Thursday, February 01, 2007

Just one story of many...

The following was posted on Andi's World Milblog and I just had to re-post it here. This is one of many stories like this I've heard or read about our association with locals in Afghanistan and Iraq. Andi's World is linked on my sidebar. This post was written by Airforcewife in Andi's absence. Thanks

Wednesday, 31 January 2007

I Would Have Died For Him

About two months into my husband's last deployment I got an interesting email from him. Before I go on to describe what he said, I should probably make clear that of the many choices in amount of communication available to military families, hubby and I have chosen the "I'd rather hear it from you" route, and he tends to give me a fairly clear picture of what his life is like deployed.

I have an incredibly active imagination, and so I exaggerate the information I get from sources other than my husband. After many, many, many,many incidents that nearly caused me to lose my mind we decided that it was better he tell me. Hubby can phrase and parse the situations he encounters all he wants... Just as long as I have an idea of what's going on. That way I can ignore any outside information and still feel like I have a handle on what's going on.

In any case, this is the background under which I received an email about a local on hubby's deployed base called "Rambo."

This email hubby sent me was odd. Never before has hubby singled out one of the locals he works with to tell me about, even though his deployed line of work has him working very closely with locals. I hear aggregate stories about incidents and I hear about funny and isolated events, but he has never mailed me a biography before. The reason is entirely OPSEC.

Rambo, however, was a special case. For one thing, he wasn't one of hubby's contacts. He lived on the base. For another, Rambo genuinely loved the Americans and having them there. He proved it constantly, putting himself in physical danger every day to make sure "his" base and "his" American soldiers were as safe as possible. Rambo could be counted on to be at the very front of the line guarding the facilities any time a crowd assembled.

Rambo's story began in the 1970's; he was an ethnic Tajik that fought with the United States against the Soviets. When the Soviets left, the Afghans allied themselves with various warlords until the Taliban took over.

The Taliban wasted no time in murdering Rambo's entire family, and Rambo left for the hills to fight with the Northern Alliance. When our special forces took Kabul, Rambo fought alongside them, and he was the first guard at the base.

My husband sent me an email about Rambo, pictures of the two of them together, and ended his email with this line, "Rambo takes care of us. He is one of us. Any one of us here would take a bullet for him."

I sent the story hubby emailed me out to many people I knew, because most of our civilian friends and family are far removed from the war. For more than a few, we are the only people they directly know who are fighting. They ask us questions, and they often do not understand. I try to pass on what I can. The amount of devotion Rambo showed to the guys at hubby's base touched me deeply, and I wanted to share what they told me was one of the reasons they supported their cause so much.

Just yesterday, now that hubby is home and safe with me, I learned of yet another chapter in Rambo's story and more proof of his amazing character.

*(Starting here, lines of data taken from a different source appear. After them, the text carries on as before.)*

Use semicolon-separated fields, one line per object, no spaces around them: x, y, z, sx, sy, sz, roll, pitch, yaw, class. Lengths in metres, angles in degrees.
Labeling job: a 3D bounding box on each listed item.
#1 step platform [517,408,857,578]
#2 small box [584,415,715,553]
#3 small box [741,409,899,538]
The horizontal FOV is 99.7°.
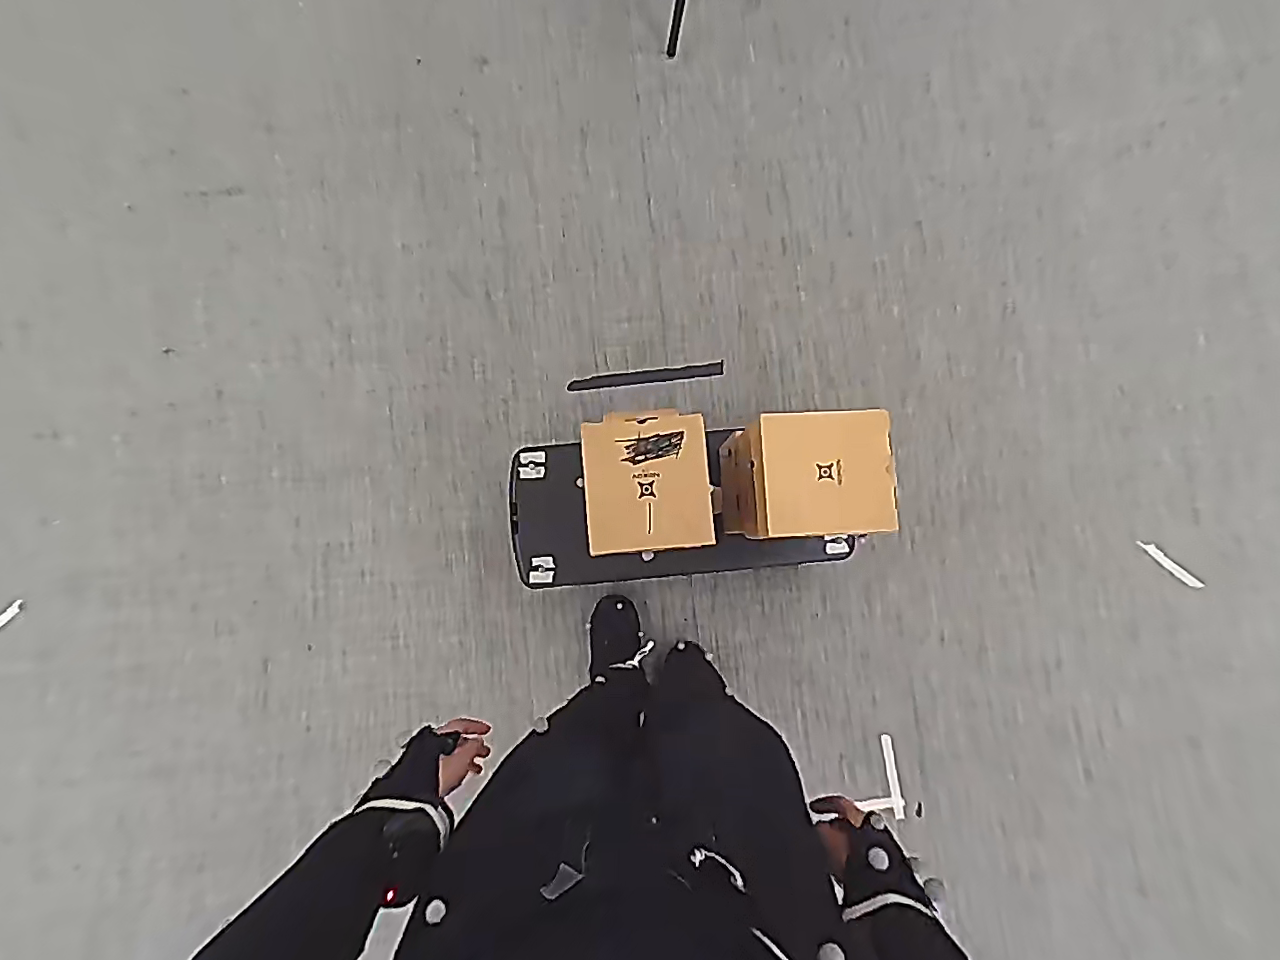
0.093;0.030;1.127;0.684;0.204;0.286;-6;83;0;step platform
0.011;0.013;0.788;0.168;0.176;0.179;-4;84;0;small box
0.248;-0.001;0.793;0.179;0.176;0.168;-3;84;-1;small box

The building hubby worked in while deployed was the target of a suicide car bomber. As the truck of explosives came through the gate, something about them triggered Rambo's attention and rather than waste time sounding the alarm - he took matters into his own hands and yanked the suicide bomber from inside the truck in an attempt to prevent its detonation. The truck detonated after both Rambo and the would-be bomber were free and took a huge chunk out of the building. The damage wasn't as extensive as it would have been if the explosives laden truck had managed to make it into closer proximity.

Rambo didn't blink. He just did.

No one can argue that there are many, many problems in Iraq and Afghanistan; and many things to overcome that are difficult, ugly, and at times despair-inducing.

But there are good things, and good people, there too. The foundations of these new countries will be built with such as them, although the building may be very long indeed.

My husband often recites John 15:13 from the Bible. It resonates with him very deeply: " Greater love has no one than this, that he lay down his life for his friends." After hearing about Rambo, I understand why.

Posted by airforcewife on Wednesday, 31 January 2007 at 07:12 PM | Permalink


Blogger Wadical said...

Hello friend. Nice new blog. I like the theme...these heroes deserve recognition.

9:22 PM  
Blogger PJ said...

Thanks, buddy. I'm happy to hear from you. How are things going?